Let’s not get lost in superfluous exegesis. Since the beginning, the “pension reform” is nothing but a brigandage covered by a camarilla of politicians of the right and the left. Our pension is neither a contribution for a fulfilled service, nor the deferred counterpart of contributions, the pension is our prolonged salary calculated from a reference amount. Under the regime of capitalist accumulation and wage slavery, targeting pensions, or unemployment benefits, amounts for capital to increase the level of exploitation of labor both relatively and absolutely. A real racketeering, as some say, which nevertheless takes a particular turn. It is at this precise moment of our existence, when our bodies have become vulnerable and our health largely damaged by years of exploitation, that Macron and his coterie intend to strike us an additional blow. The ultimate, before pouring us into the pit…

To smash them in order not to be smashed anymore!

We will win against this government only if we manage, as it was the case with the Yellow Vests movement, to thwart its plans, to make us unpredictable and to inspire fear. For this, we must learn from the latest struggles on the terrain of class war. A strike is of course the indispensable weapon. The strike must immediately take root in strategic sectors like energy, transport and communications. It must allow us to quickly occupy a position of strength, but this scenario alone will not be sufficient or satisfactory. And beware, time is running out!

In December, the strike of SNCF controllers, which had a 90% majority and was controlled by the rank and files, immediately put the company’s management under pressure and made the Minister of Transport panicking. Dazed, Clément Beaune denounced the movement as being “outside the social dialogue”. For once, a truth was coming out of the mouth of a politician. Only a dynamic of this nature, massive, impelled and controlled by a determined base and escaping the maneuvers of the apparatuses will allow to thwart the attempts of division which will bloom quickly. The state fears nothing but what is foreign to it in every respect!

Destroy capitalism by social revolution!

Let’s not fool ourselves, if at present the opposition to Macron is so strong, it is not because he would be a worse puppet than his predecessors, it is only because his measure crystallizes in it all the suffering that millions of us experience every day, in the factory, in the office, on the building sites, in the health services, etc.

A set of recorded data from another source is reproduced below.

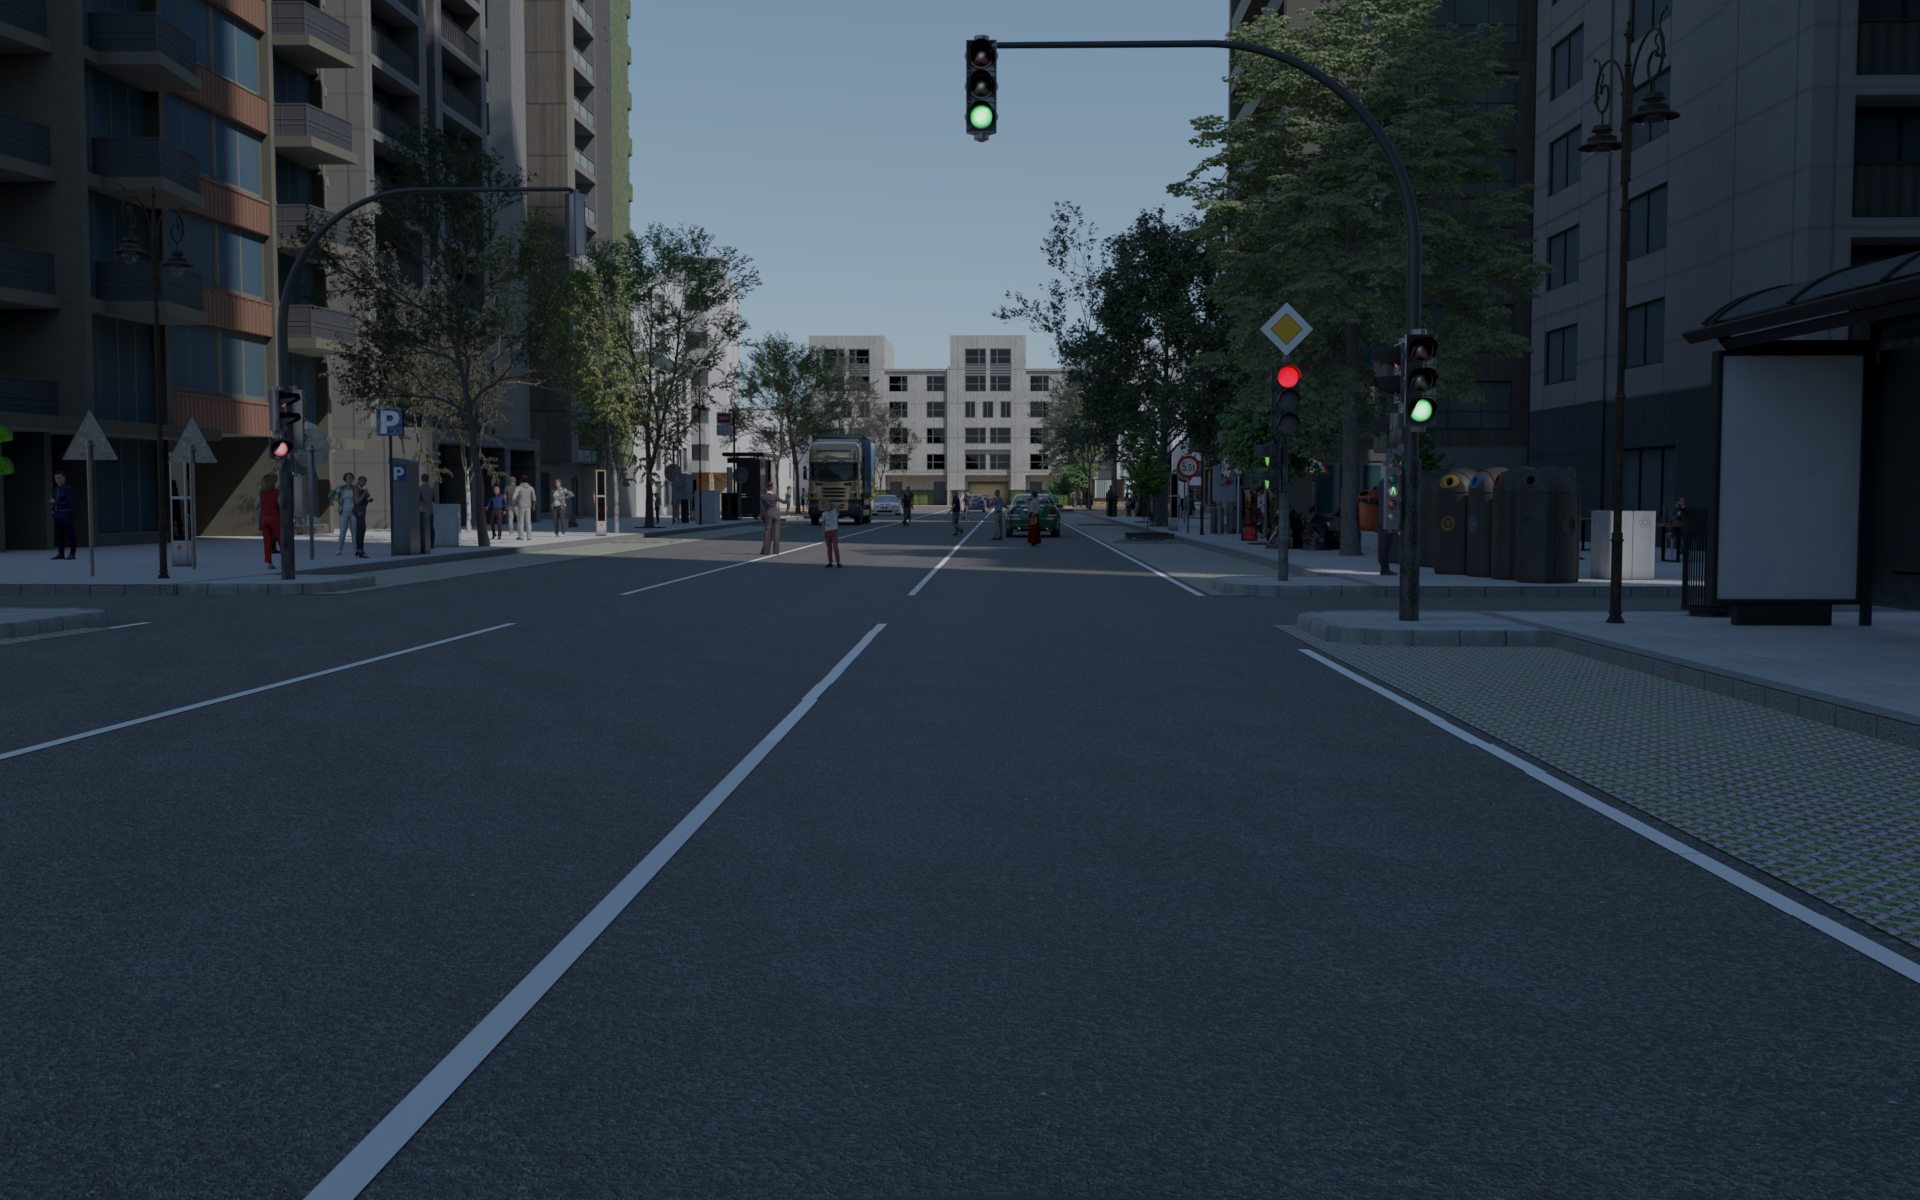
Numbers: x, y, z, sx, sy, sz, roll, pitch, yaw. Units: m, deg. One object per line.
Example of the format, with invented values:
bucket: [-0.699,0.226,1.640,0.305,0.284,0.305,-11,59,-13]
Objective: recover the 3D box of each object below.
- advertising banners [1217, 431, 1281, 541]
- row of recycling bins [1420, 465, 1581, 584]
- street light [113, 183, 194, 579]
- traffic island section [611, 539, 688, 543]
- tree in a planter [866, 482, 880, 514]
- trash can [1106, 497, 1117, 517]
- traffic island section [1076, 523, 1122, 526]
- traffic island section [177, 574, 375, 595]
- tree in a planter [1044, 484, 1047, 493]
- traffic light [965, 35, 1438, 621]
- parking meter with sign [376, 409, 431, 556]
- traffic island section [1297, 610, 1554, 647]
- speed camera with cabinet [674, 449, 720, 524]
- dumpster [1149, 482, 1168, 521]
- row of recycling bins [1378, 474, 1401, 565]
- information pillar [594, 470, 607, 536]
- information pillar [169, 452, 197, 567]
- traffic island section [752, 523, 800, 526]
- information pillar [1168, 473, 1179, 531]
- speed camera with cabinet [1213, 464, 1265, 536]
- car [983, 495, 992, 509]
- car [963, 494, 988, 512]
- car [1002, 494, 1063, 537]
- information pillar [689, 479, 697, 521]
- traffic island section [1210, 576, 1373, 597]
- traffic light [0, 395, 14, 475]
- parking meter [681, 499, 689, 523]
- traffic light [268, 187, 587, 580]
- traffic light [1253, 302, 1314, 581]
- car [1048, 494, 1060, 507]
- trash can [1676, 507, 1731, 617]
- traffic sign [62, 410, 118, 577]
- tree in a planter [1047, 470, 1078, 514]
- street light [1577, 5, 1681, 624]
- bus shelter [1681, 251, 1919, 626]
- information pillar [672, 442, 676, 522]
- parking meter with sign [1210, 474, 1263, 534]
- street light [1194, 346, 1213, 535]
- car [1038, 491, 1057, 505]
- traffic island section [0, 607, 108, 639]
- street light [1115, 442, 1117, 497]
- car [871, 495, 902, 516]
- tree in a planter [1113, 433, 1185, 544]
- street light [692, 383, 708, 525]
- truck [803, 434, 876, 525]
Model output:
advertising banners: [7.932,-3.123,47.256,2.074,3.025,0.090,3,4,36]
row of recycling bins: [8.331,-1.183,26.458,1.069,1.692,3.534,-1,4,-10]
street light: [-12.113,-3.265,26.168,0.468,5.910,1.993,0,4,2]
traffic island section: [-9.072,-1.717,50.946,1.991,0.108,1.994,0,4,2]
tree in a planter: [-6.916,-7.978,127.665,1.991,3.239,1.994,0,4,2]
trash can: [8.528,-5.245,97.402,0.748,1.137,0.748,0,3,0]
traffic island section: [6.268,-3.388,78.266,1.991,0.108,1.994,0,4,2]
traffic island section: [-10.101,-0.228,26.003,2.009,0.180,2.903,0,4,2]
tree in a planter: [8.409,-9.618,154.470,1.991,3.239,1.994,0,4,2]
traffic light: [2.437,-2.614,17.404,4.771,5.953,1.251,0,4,2]
parking meter with sign: [-11.635,-2.453,36.369,0.543,3.016,1.738,0,4,2]
traffic island section: [4.570,0.286,17.600,2.009,0.180,2.903,0,4,2]
speed camera with cabinet: [-11.522,-4.984,75.830,2.038,3.252,0.660,1,4,22]
dumpster: [9.510,-4.607,81.079,1.264,1.857,1.865,0,4,2]
row of recycling bins: [8.505,-1.453,30.863,1.069,1.692,3.534,-1,4,-13]
information pillar: [-10.965,-2.957,52.833,0.304,2.012,0.304,-1,4,-20]
information pillar: [-13.757,-1.601,30.664,0.304,2.012,0.304,0,4,6]
traffic island section: [-8.310,-3.397,78.403,1.991,0.108,1.994,0,4,2]
information pillar: [7.485,-3.442,60.772,0.304,2.012,0.304,0,4,-7]
speed camera with cabinet: [8.826,-3.607,53.302,2.038,3.252,0.660,0,4,5]
car: [2.129,-9.507,168.012,1.945,1.354,3.894,0,4,0]
car: [1.184,-7.690,137.733,2.014,1.417,4.499,0,4,2]
car: [2.457,-2.881,58.902,2.131,1.459,4.920,0,4,2]
information pillar: [-12.890,-4.847,83.734,0.304,2.012,0.304,-2,4,-27]
traffic island section: [4.794,-0.202,25.582,2.009,0.180,2.903,0,4,2]
traffic light: [-10.286,-1.772,17.885,0.839,4.253,0.868,0,4,2]
parking meter: [-12.203,-4.349,76.815,0.255,1.863,0.399,-2,4,-32]
traffic light: [-7.968,-3.130,25.844,4.771,5.953,1.251,0,4,2]
traffic light: [4.754,-2.235,25.469,0.839,4.253,0.868,0,4,2]
car: [8.523,-9.501,164.133,1.959,1.807,4.718,0,4,0]
trash can: [7.923,-0.401,18.213,0.748,1.137,0.748,0,3,0]
traffic sign: [-13.506,-1.644,26.887,0.884,2.594,0.081,0,4,4]
tree in a planter: [7.651,-7.970,127.537,1.991,3.239,1.994,0,4,2]
street light: [6.525,-2.708,17.067,0.468,5.910,1.993,0,4,2]
bus shelter: [8.034,-1.249,14.340,2.014,3.302,5.546,0,4,2]
information pillar: [-12.939,-5.317,78.284,0.183,3.616,0.504,-1,4,-14]
parking meter with sign: [8.974,-3.649,55.915,1.738,3.016,0.543,-1,4,-12]
street light: [7.578,-4.973,54.089,0.468,5.910,1.993,0,4,2]
car: [3.839,-4.646,86.185,2.015,1.641,3.980,0,4,0]
traffic island section: [-10.325,0.261,18.021,2.009,0.180,2.903,0,4,2]
street light: [9.039,-7.784,100.048,0.468,5.910,1.993,0,4,2]
car: [-4.927,-6.341,116.045,2.083,1.381,4.827,0,4,1]
tree in a planter: [5.490,-3.259,50.510,1.991,3.239,1.994,0,4,2]
street light: [-10.830,-6.076,72.133,0.468,5.910,1.993,0,4,2]
truck: [-5.673,-5.790,83.579,2.839,4.237,11.283,0,4,1]

This suffering is that of the capitalist social relationship, that of a relationship of exploitation and domination that has nothing to offer but mass anesthesia with Prozac and Netflix series, the hatred of each one against all, the generalized surveillance and the propagation of war… Capitalism and its deadly work lead us from catastrophe to catastrophe towards the abyss. So even if we win against Macron and we must win, it will only be a step towards the vital reconstruction of a collective and international dynamic that puts the question of our social emancipation back at the heart of the issues before us.

We are nothing… Let us be everything!

Boulogne-sur-mer, 15/01/2023

English translation: The Friends Of The Class War

Everything is too expensive! We are right to strike! [A$AP Revolution]

Source in French: https://twitter.com/asap_revolution/status/1617507678364000257/

In Iran, China, Peru and Greece, proles are revolting and organizing against capital and the state, while here we’re back to normal. To compensate the slowdown of production during the pandemic and to try to contain the latent crisis of capitalism, the bourgeoisie adjust an already seized machine. Elsewhere proles kill each other for the bourgeoisie, we tighten our belts, the sleeve is millimeter tight.

Here we experience a destruction of the unemployment system to put workers in competition, increase of the working time, hardening of the exploitation of the immigrant labor, forced work of the social benefits recipients (RSA). Our wages are decreasing: less money, more working time.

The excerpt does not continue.